If a line in the entries below includes "angles", show that line.

### Materials provided
'''

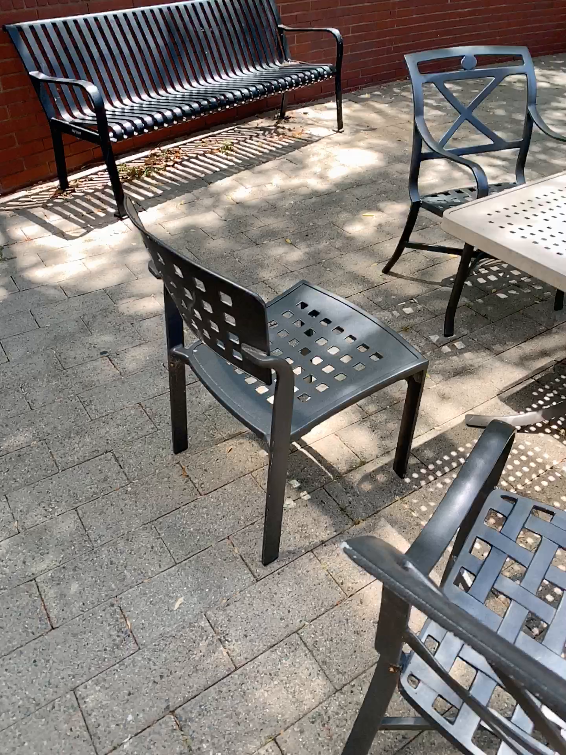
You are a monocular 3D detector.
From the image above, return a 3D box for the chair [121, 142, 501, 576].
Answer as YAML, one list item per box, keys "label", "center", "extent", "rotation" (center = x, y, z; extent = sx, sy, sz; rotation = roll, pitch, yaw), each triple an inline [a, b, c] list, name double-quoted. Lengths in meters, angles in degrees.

'''
'''

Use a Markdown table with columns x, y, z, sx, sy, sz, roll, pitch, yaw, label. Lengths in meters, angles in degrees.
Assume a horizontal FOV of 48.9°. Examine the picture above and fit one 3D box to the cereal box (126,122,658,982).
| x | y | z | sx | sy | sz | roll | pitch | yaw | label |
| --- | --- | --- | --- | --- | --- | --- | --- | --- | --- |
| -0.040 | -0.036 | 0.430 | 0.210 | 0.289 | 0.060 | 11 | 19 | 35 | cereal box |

'''
'''

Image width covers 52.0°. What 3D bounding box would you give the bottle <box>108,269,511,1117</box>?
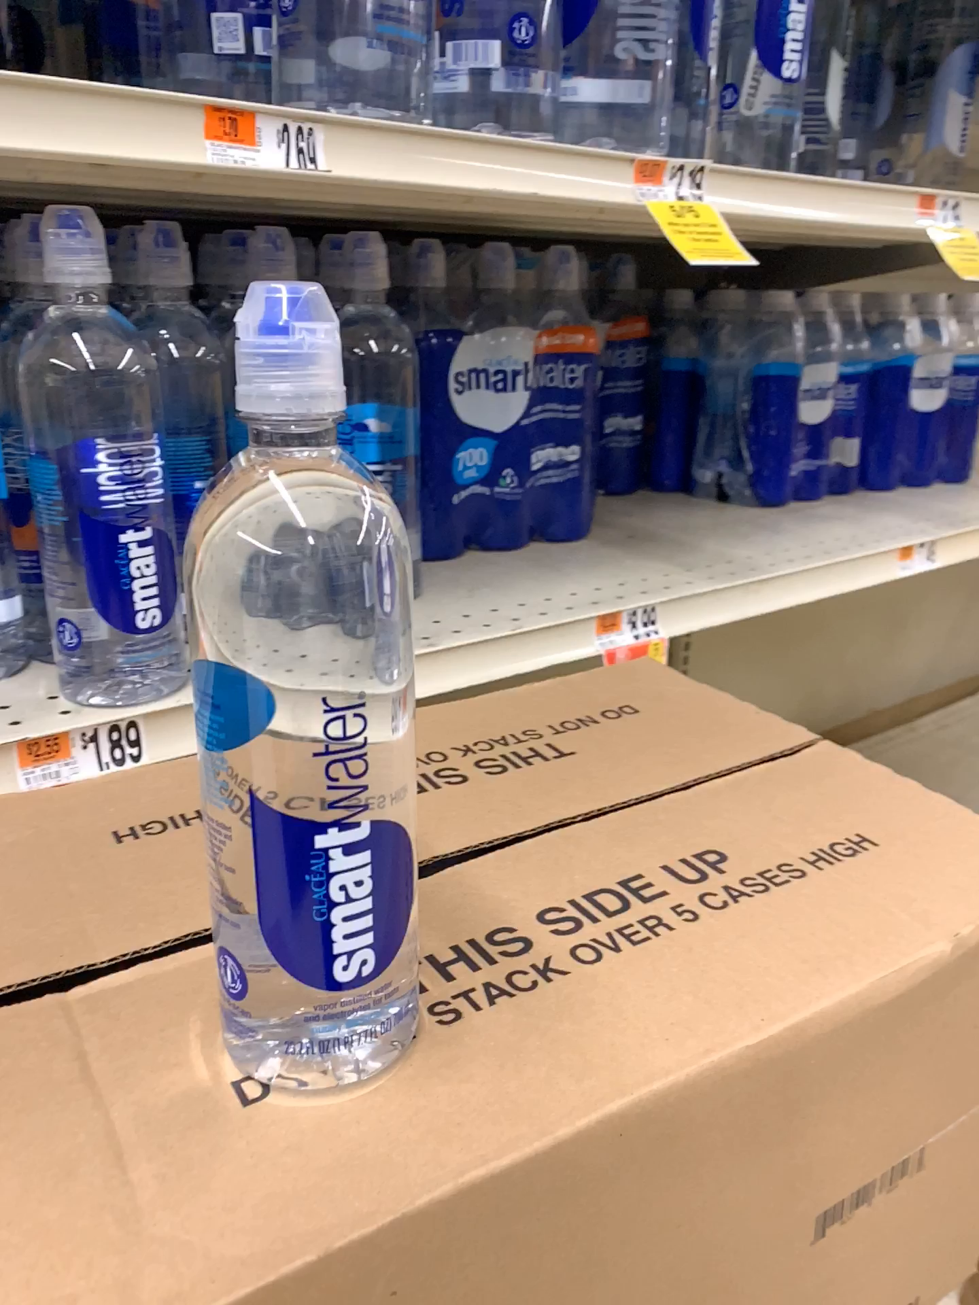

'''

### Solution to the exercise
Answer as YAML, one list item per box, keys "label", "center", "extent", "rotation" (center = x, y, z; extent = sx, sy, sz; rotation = roll, pitch, yaw), each triple an inline [a, b, c] list, name double-quoted. Lengths in meters, angles in degrees.
Use a Markdown table with columns x, y, z, sx, sy, sz, roll, pitch, yaw, label. Lengths in meters, angles in degrees.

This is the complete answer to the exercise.